--- Assignment ---
Retype each of the records below exactly, leaving the pictures out.
*** Data listing ***
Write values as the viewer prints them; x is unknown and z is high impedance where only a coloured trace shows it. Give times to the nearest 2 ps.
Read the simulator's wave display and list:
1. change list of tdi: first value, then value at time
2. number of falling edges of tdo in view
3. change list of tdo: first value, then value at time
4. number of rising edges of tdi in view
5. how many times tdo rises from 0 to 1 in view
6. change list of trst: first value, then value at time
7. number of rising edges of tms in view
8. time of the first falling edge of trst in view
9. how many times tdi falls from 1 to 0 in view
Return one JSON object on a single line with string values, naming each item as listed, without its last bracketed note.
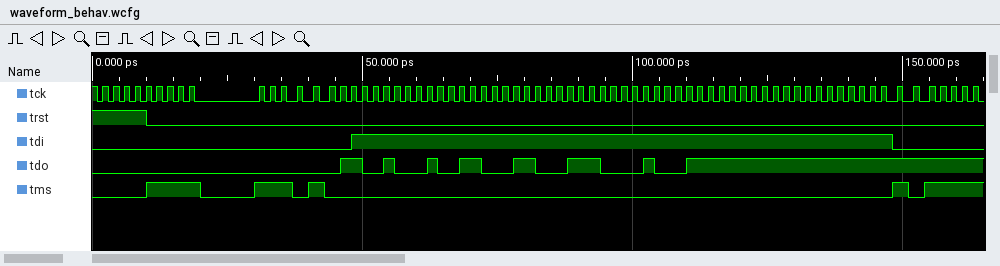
{"change list of tdi: first value, then value at time": "0, 1 at 48 ps, 0 at 148 ps", "number of falling edges of tdo in view": "7", "change list of tdo: first value, then value at time": "0, 1 at 46 ps, 0 at 50 ps, 1 at 54 ps, 0 at 56 ps, 1 at 62 ps, 0 at 64 ps, 1 at 68 ps, 0 at 72 ps, 1 at 78 ps, 0 at 82 ps, 1 at 88 ps, 0 at 94 ps, 1 at 102 ps, 0 at 104 ps, 1 at 110 ps", "number of rising edges of tdi in view": "1", "how many times tdo rises from 0 to 1 in view": "8", "change list of trst: first value, then value at time": "1, 0 at 10 ps", "number of rising edges of tms in view": "5", "time of the first falling edge of trst in view": "10 ps", "how many times tdi falls from 1 to 0 in view": "1"}
*** End of Data listing ***
--- Result ---
Write values as the viewer prints them; x is unknown and z is high impedance where only a coloured trace shows it. Give times to the nearest 2 ps.
Read the simulator's wave display and list:
1. change list of tdi: first value, then value at time
2. number of falling edges of tdo in view
3. change list of tdo: first value, then value at time
4. number of rising edges of tdi in view
5. how many times tdo rises from 0 to 1 in view
6. change list of trst: first value, then value at time
7. number of rising edges of tms in view
8. time of the first falling edge of trst in view
9. how many times tdi falls from 1 to 0 in view
Return one JSON object on a single line with string values, naming each item as listed, without its last bracketed note.
{"change list of tdi: first value, then value at time": "0, 1 at 48 ps, 0 at 148 ps", "number of falling edges of tdo in view": "7", "change list of tdo: first value, then value at time": "0, 1 at 46 ps, 0 at 50 ps, 1 at 54 ps, 0 at 56 ps, 1 at 62 ps, 0 at 64 ps, 1 at 68 ps, 0 at 72 ps, 1 at 78 ps, 0 at 82 ps, 1 at 88 ps, 0 at 94 ps, 1 at 102 ps, 0 at 104 ps, 1 at 110 ps", "number of rising edges of tdi in view": "1", "how many times tdo rises from 0 to 1 in view": "8", "change list of trst: first value, then value at time": "1, 0 at 10 ps", "number of rising edges of tms in view": "5", "time of the first falling edge of trst in view": "10 ps", "how many times tdi falls from 1 to 0 in view": "1"}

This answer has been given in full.